# 24® Game Classroom Activities

#### Activity—Grouping skills

**Editions used: Add/Subtract; Multiply/Divide; Fractions Primer (2 Dot and 3 Dot cards)**

The example below uses a Multiply/Divide 2 Dot card. (You can do this activity with Add/Subtract cards, using only addition and subtraction.) The purpose of this activity is to encourage students to practice grouping skills.

Select a card and draw the two wheels and the target number on the board. Ask a student to choose a wheel, then choose two numbers from that wheel. Write the two numbers on the board four times, with a space for the operation sign.

Example: The numbers 8 and 2 are chosen from the left wheel.

Ask: What operations can I use?

Ask: What will be the answer for the first equation?

8 + 2 = 10

8 – 2 = 6

Change the 8 to a 7.

8 x 2 = 16

8 ÷ 2 = 4

Ask: With the 10 we made, and with the number 7 remaining on the wheel, can we make a 5? (No.) Let’s try another equation.
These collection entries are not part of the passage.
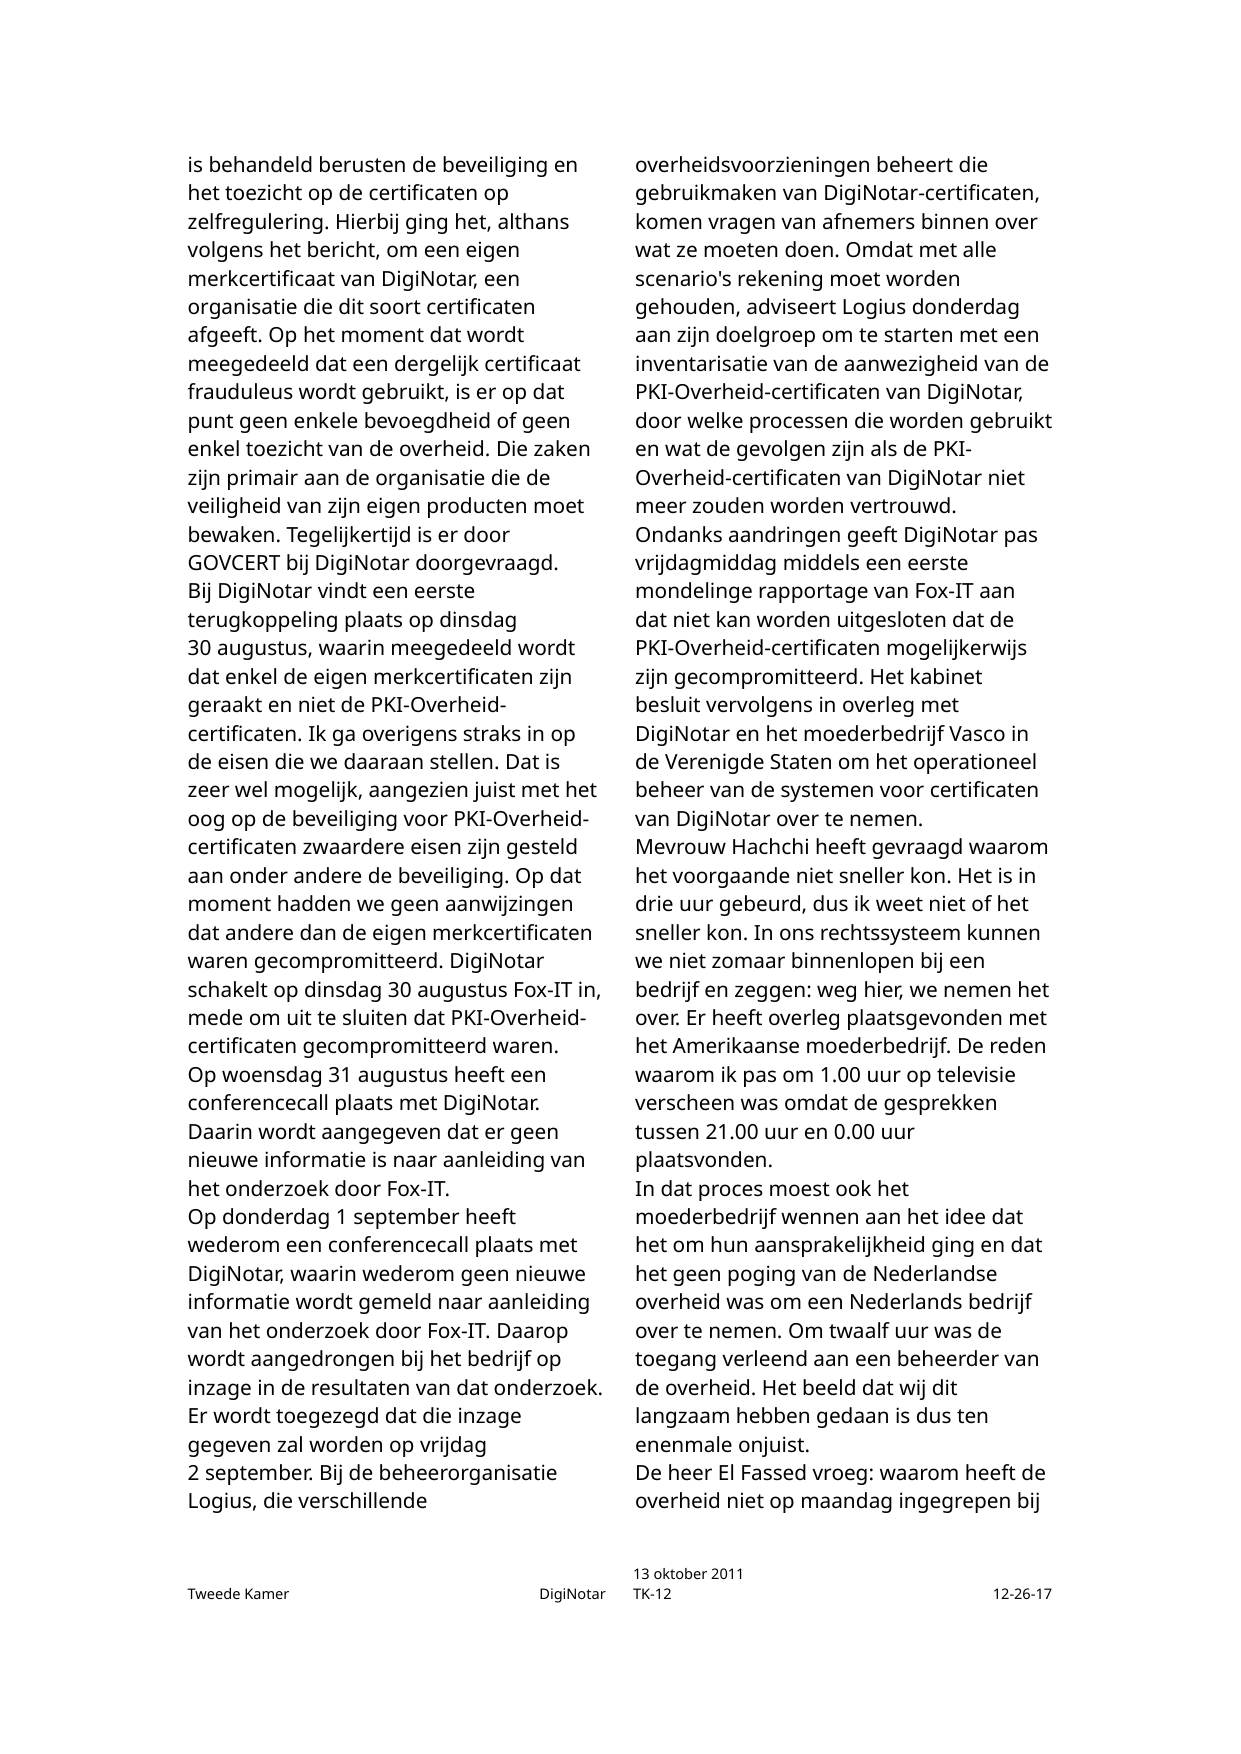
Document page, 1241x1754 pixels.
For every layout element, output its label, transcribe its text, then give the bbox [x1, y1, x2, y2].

text Mevrouw Hachchi heeft gevraagd waarom het voorgaande niet sneller kon. Het is in drie uur gebeurd, dus ik weet niet of het sneller kon. In ons rechtssysteem kunnen we niet zomaar binnenlopen bij een bedrijf en zeggen: weg hier, we nemen het over. Er heeft overleg plaatsgevonden met het Amerikaanse moederbedrijf. De reden waarom ik pas om 1.00 uur op televisie verscheen was omdat de gesprekken tussen 21.00 uur en 0.00 uur plaatsvonden. [635, 832, 1053, 1174]
text is behandeld berusten de beveiliging en het toezicht op de certificaten op zelfregulering. Hierbij ging het, althans volgens het bericht, om een eigen merkcertificaat van DigiNotar, een organisatie die dit soort certificaten afgeeft. Op het moment dat wordt meegedeeld dat een dergelijk certificaat frauduleus wordt gebruikt, is er op dat punt geen enkele bevoegdheid of geen enkel toezicht van de overheid. Die zaken zijn primair aan de organisatie die de veiligheid van zijn eigen producten moet bewaken. Tegelijkertijd is er door GOVCERT bij DigiNotar doorgevraagd. [187, 150, 605, 577]
text In dat proces moest ook het moederbedrijf wennen aan het idee dat het om hun aansprakelijkheid ging en dat het geen poging van de Nederlandse overheid was om een Nederlands bedrijf over te nemen. Om twaalf uur was de toegang verleend aan een beheerder van de overheid. Het beeld dat wij dit langzaam hebben gedaan is dus ten enenmale onjuist. [635, 1174, 1053, 1458]
text Bij DigiNotar vindt een eerste terugkoppeling plaats op dinsdag 30 augustus, waarin meegedeeld wordt dat enkel de eigen merkcertificaten zijn geraakt en niet de PKI-Overheid-certificaten. Ik ga overigens straks in op de eisen die we daaraan stellen. Dat is zeer wel mogelijk, aangezien juist met het oog op de beveiliging voor PKI-Overheid-certificaten zwaardere eisen zijn gesteld aan onder andere de beveiliging. Op dat moment hadden we geen aanwijzingen dat andere dan de eigen merkcertificaten waren gecompromitteerd. DigiNotar schakelt op dinsdag 30 augustus Fox-IT in, mede om uit te sluiten dat PKI-Overheid-certificaten gecompromitteerd waren. [187, 577, 605, 1060]
text Op woensdag 31 augustus heeft een conferencecall plaats met DigiNotar. Daarin wordt aangegeven dat er geen nieuwe informatie is naar aanleiding van het onderzoek door Fox-IT. [187, 1060, 605, 1202]
text Ondanks aandringen geeft DigiNotar pas vrijdagmiddag middels een eerste mondelinge rapportage van Fox-IT aan dat niet kan worden uitgesloten dat de PKI-Overheid-certificaten mogelijkerwijs zijn gecompromitteerd. Het kabinet besluit vervolgens in overleg met DigiNotar en het moederbedrijf Vasco in de Verenigde Staten om het operationeel beheer van de systemen voor certificaten van DigiNotar over te nemen. [635, 520, 1053, 832]
text overheidsvoorzieningen beheert die gebruikmaken van DigiNotar-certificaten, komen vragen van afnemers binnen over wat ze moeten doen. Omdat met alle scenario's rekening moet worden gehouden, adviseert Logius donderdag aan zijn doelgroep om te starten met een inventarisatie van de aanwezigheid van de PKI-Overheid-certificaten van DigiNotar, door welke processen die worden gebruikt en wat de gevolgen zijn als de PKI-Overheid-certificaten van DigiNotar niet meer zouden worden vertrouwd. [635, 150, 1053, 520]
text Op donderdag 1 september heeft wederom een conferencecall plaats met DigiNotar, waarin wederom geen nieuwe informatie wordt gemeld naar aanleiding van het onderzoek door Fox-IT. Daarop wordt aangedrongen bij het bedrijf op inzage in de resultaten van dat onderzoek. Er wordt toegezegd dat die inzage gegeven zal worden op vrijdag 2 september. Bij de beheerorganisatie Logius, die verschillende [187, 1202, 605, 1515]
text De heer El Fassed vroeg: waarom heeft de overheid niet op maandag ingegrepen bij [635, 1458, 1053, 1515]
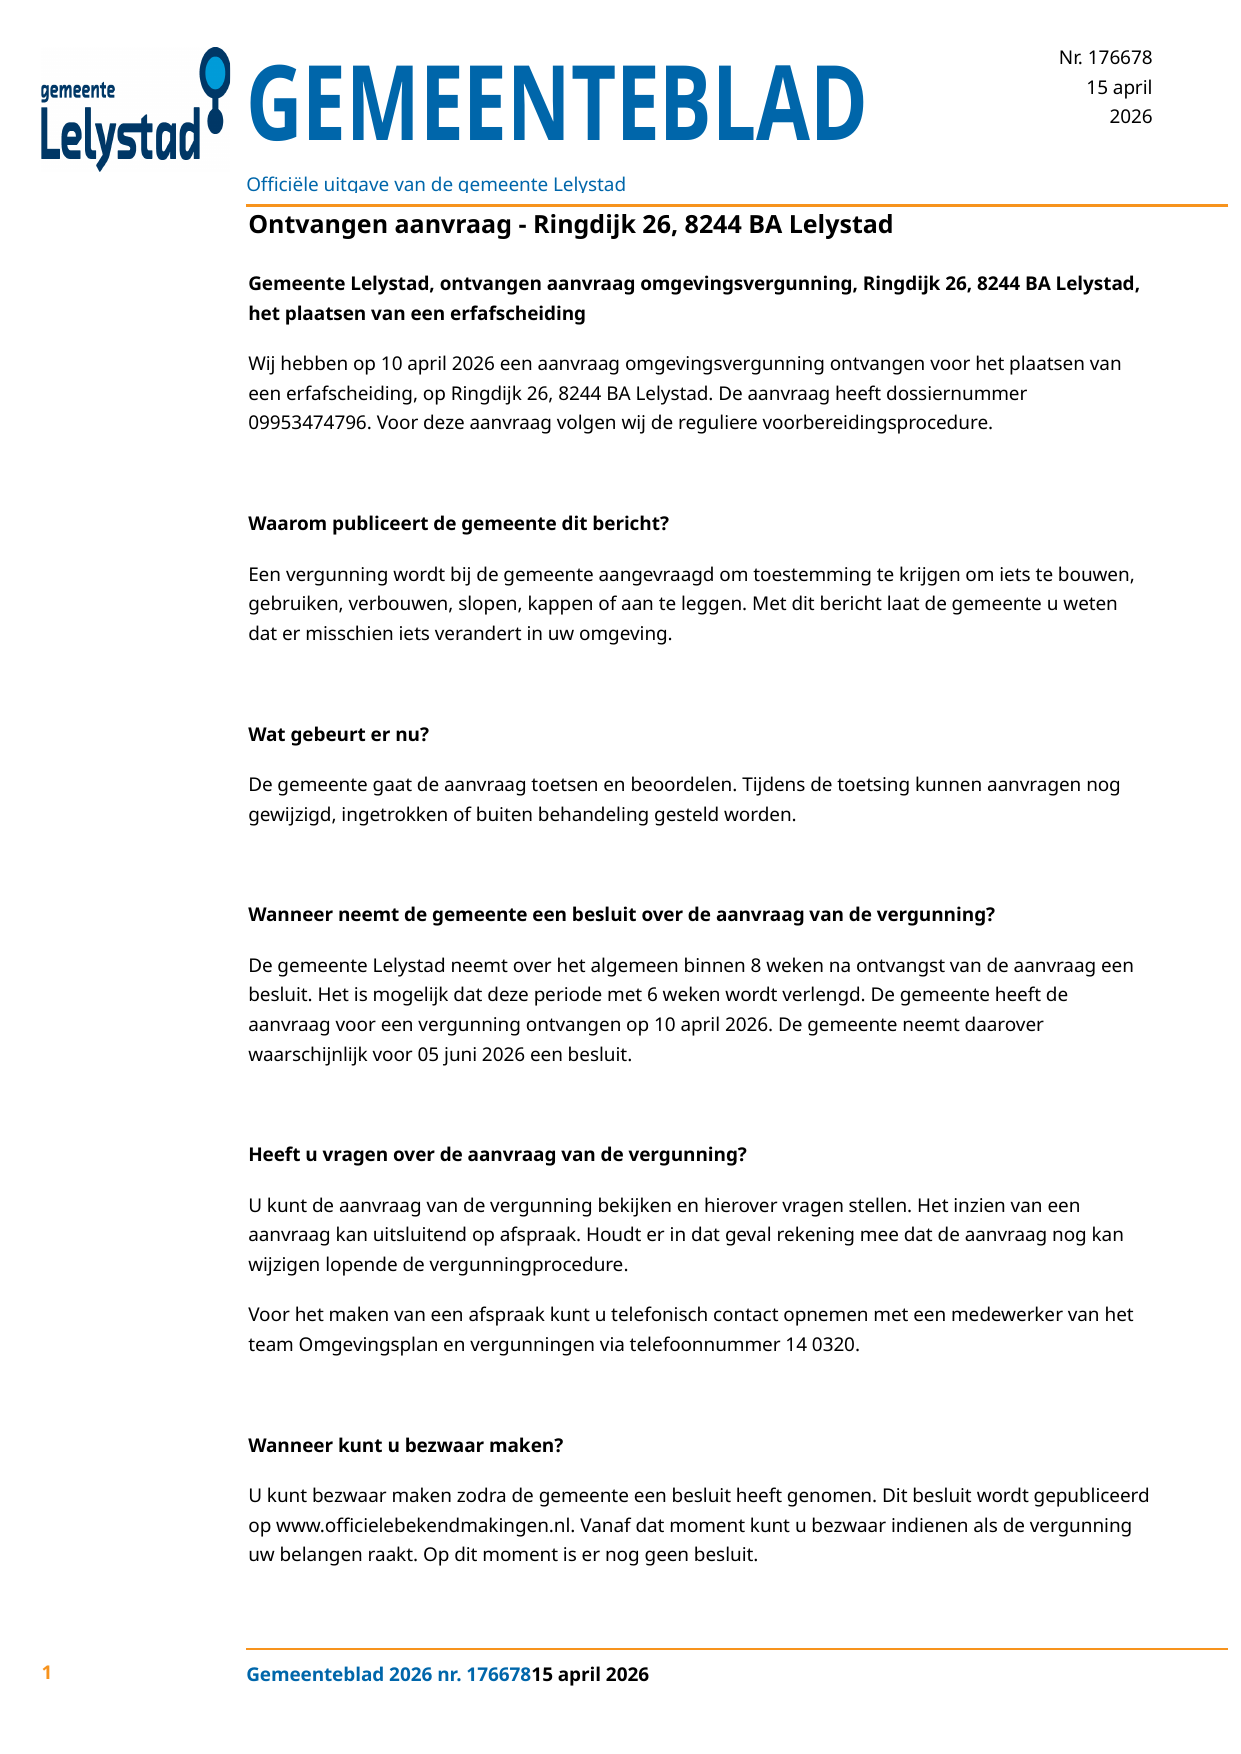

Ask: With the 6 we made, and the number 7 remaining on the wheel, can we make a 5? (No.) Let’s try another equation.

Ask: With the 16 we made, and with the number 7 remaining on the wheel, can we make a 5? (No.) Let’s try the another equation.

Ask: With the 4 we made, and the number 7 remaining on the wheel, can we make a 5? (No.) Because those equations did not work, let’s try two other numbers on this wheel.

When doing this activity with Multiply/Divide Primer cards, have the class cycle through all the pairs of numbers on one wheel before moving on to the other wheel. Then, repeat the activity using two numbers from the other wheel.

Example:

4 + 2 = 6

4 – 2 = 2

4 x 2 = 8

4 ÷ 2 = 2

Ask: With the 6 we made, and with the 10 remaining on the wheel, can we make a 5? (No.) Let’s try another equation.

Ask: With the 2 and the 10 remaining on the wheel, can we make a 5? (Yes.) Someone tell me how.

10 ÷ 2 = 5

Ask: Can someone tell me all the steps to solve this card?

4 – 2 = 2 10 ÷ 2 = 5

NOTE: Sometimes students will pick the correct answer first and it will not be necessary to work through different equations. However, it is recommended that students see at least one example where producing many equations must be attempted to obtain a correct answer. Cycling through the possibilities helps students begin to recognize patterns. This process helps students learn to eliminate combinations that will not work because the number created is too large, too small, or in the case of a division problem, does not divide evenly. Encourage students to discuss (or write about) unrealistic answers and why they do not need to be considered.